%%
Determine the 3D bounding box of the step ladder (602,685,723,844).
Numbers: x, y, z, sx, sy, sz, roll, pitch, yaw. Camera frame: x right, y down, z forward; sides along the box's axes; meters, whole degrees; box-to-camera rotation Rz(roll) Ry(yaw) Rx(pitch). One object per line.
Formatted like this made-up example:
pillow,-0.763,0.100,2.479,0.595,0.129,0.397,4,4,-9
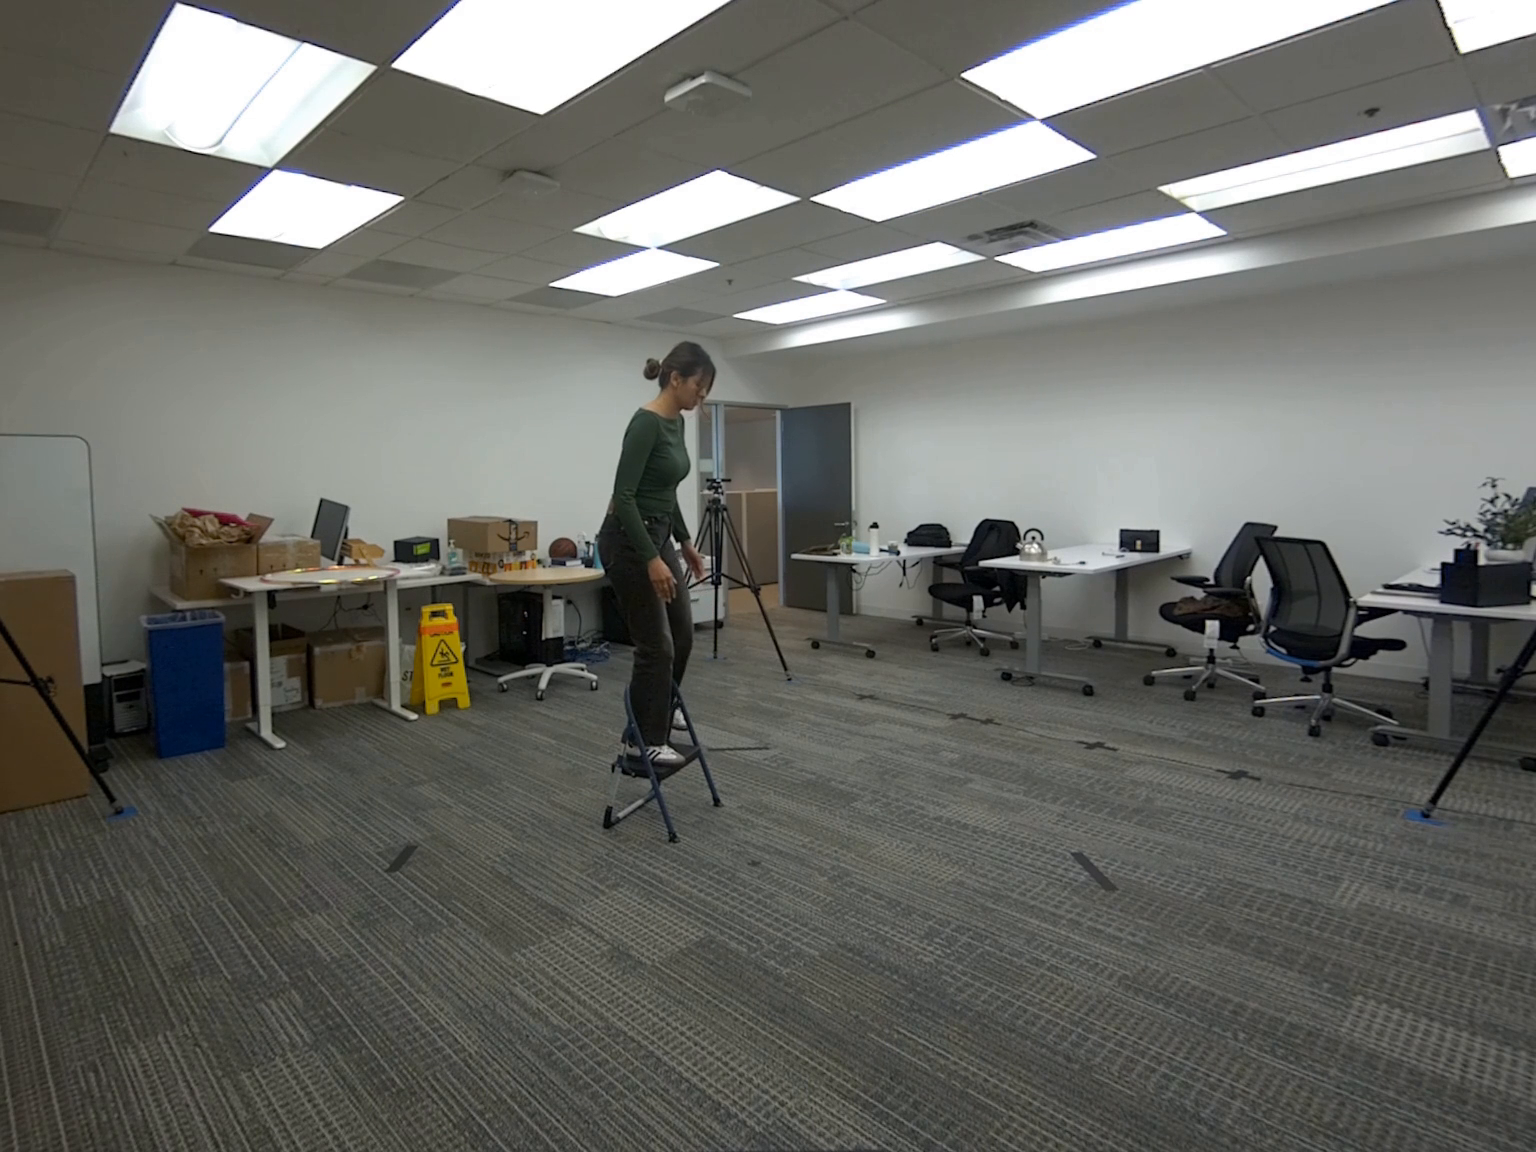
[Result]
step ladder,-0.439,0.705,3.536,0.357,0.604,0.423,0,5,23
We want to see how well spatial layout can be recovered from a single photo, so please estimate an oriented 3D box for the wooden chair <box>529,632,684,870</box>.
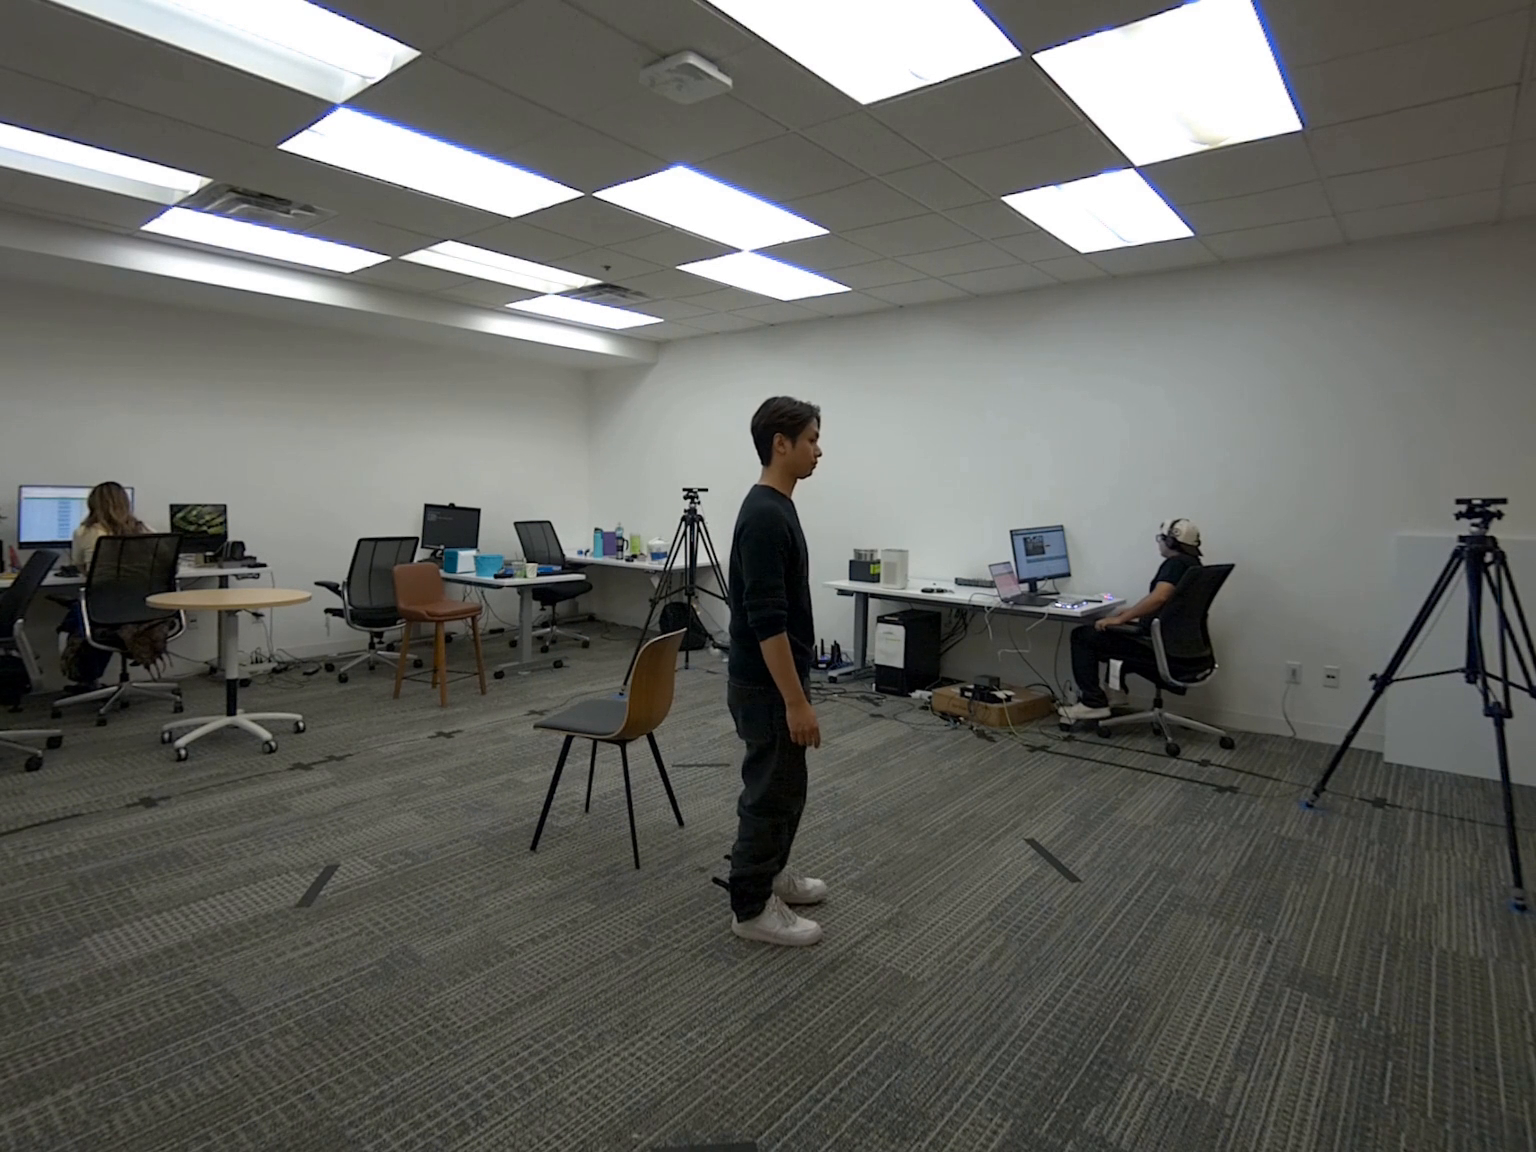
[{"bbox_3d":[-0.638,0.612,3.349,0.534,0.874,0.470,7,5,18],"label":"wooden chair"}]
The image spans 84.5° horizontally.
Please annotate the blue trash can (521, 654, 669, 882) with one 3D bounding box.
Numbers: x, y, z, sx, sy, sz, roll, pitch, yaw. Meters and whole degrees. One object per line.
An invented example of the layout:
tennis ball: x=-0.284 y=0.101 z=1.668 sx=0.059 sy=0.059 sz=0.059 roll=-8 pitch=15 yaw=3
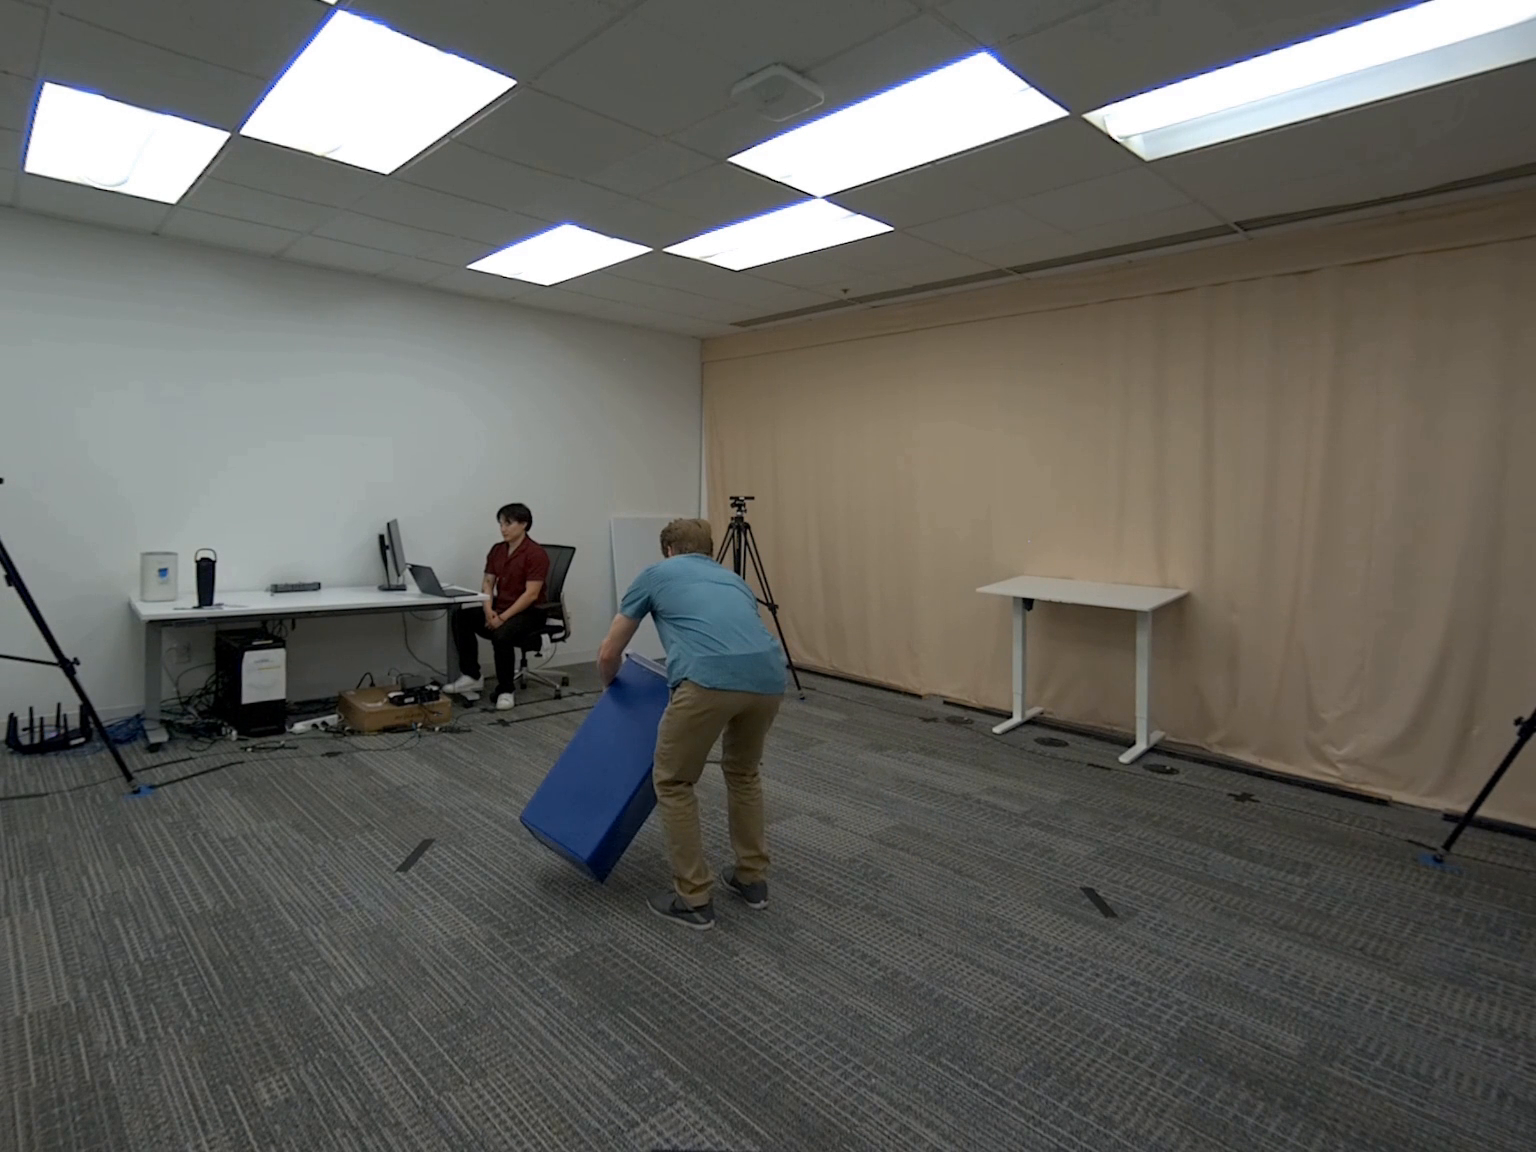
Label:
blue trash can: x=-0.556 y=0.705 z=3.116 sx=0.381 sy=0.716 sz=0.369 roll=24 pitch=-28 yaw=18
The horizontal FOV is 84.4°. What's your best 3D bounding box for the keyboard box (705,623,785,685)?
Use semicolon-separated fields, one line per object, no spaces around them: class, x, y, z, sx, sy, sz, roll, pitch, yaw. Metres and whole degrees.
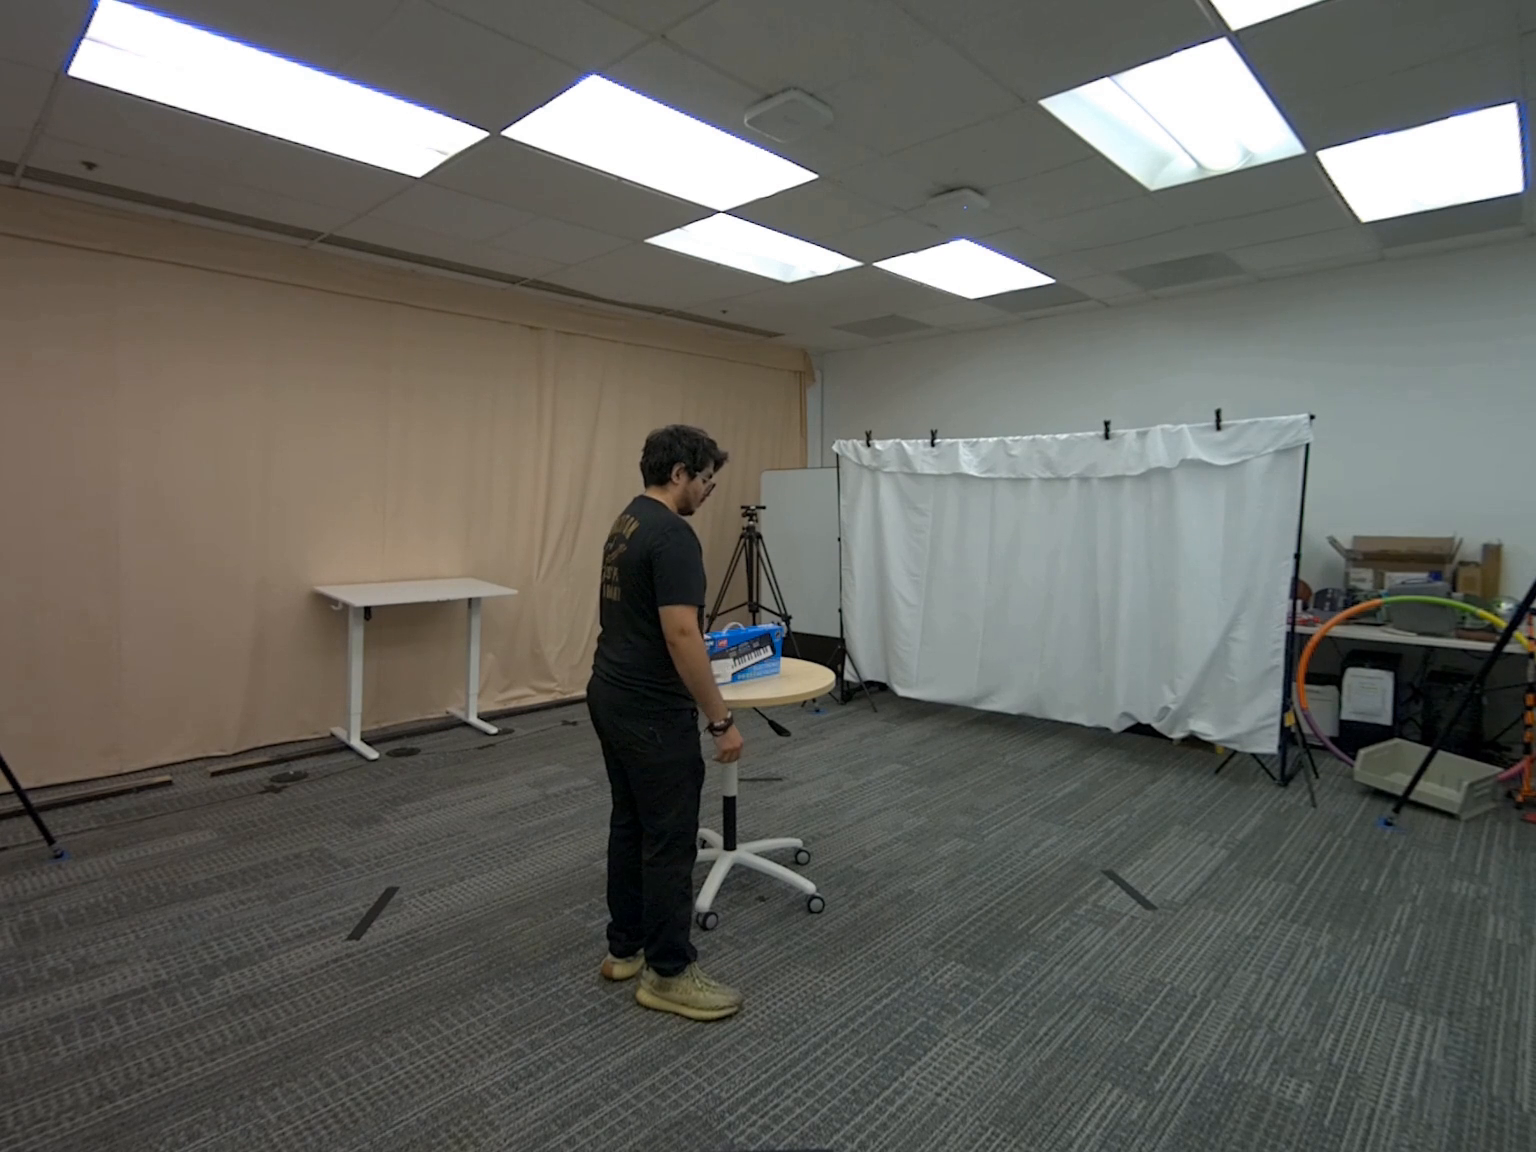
%%
— Required work —
Would you please give the material above again, unchanged but without pictures?

— Reply to the task —
Determine the 3D bounding box of the step ladder (602,685,723,844).
Numbers: x, y, z, sx, sy, sz, roll, pitch, yaw. Camera frame: x right, y down, z forward; sides along the box's axes; meters, whole degrees; box-to-camera rotation Rz(roll) Ry(yaw) Rx(pitch). One object per line.
Formatted like this made-up example:
pillow,-0.763,0.100,2.479,0.595,0.129,0.397,4,4,-9
[Result]
step ladder,-0.439,0.705,3.536,0.357,0.604,0.423,0,5,23
We want to see how well spatial layout can be recovered from a single photo, so please estimate an oriented 3D box for the wooden chair <box>529,632,684,870</box>.
[{"bbox_3d":[-0.638,0.612,3.349,0.534,0.874,0.470,7,5,18],"label":"wooden chair"}]
The image spans 84.5° horizontally.
Please annotate the blue trash can (521, 654, 669, 882) with one 3D bounding box.
Numbers: x, y, z, sx, sy, sz, roll, pitch, yaw. Meters and whole degrees. One object per line.
An invented example of the layout:
tennis ball: x=-0.284 y=0.101 z=1.668 sx=0.059 sy=0.059 sz=0.059 roll=-8 pitch=15 yaw=3
Label:
blue trash can: x=-0.556 y=0.705 z=3.116 sx=0.381 sy=0.716 sz=0.369 roll=24 pitch=-28 yaw=18
The horizontal FOV is 84.4°. What's your best 3D bounding box for the keyboard box (705,623,785,685)?
Use semicolon-separated fields, one line per object, no spaces around them: class, x, y, z, sx, sy, sz, roll, pitch, yaw. Metres and whole degrees.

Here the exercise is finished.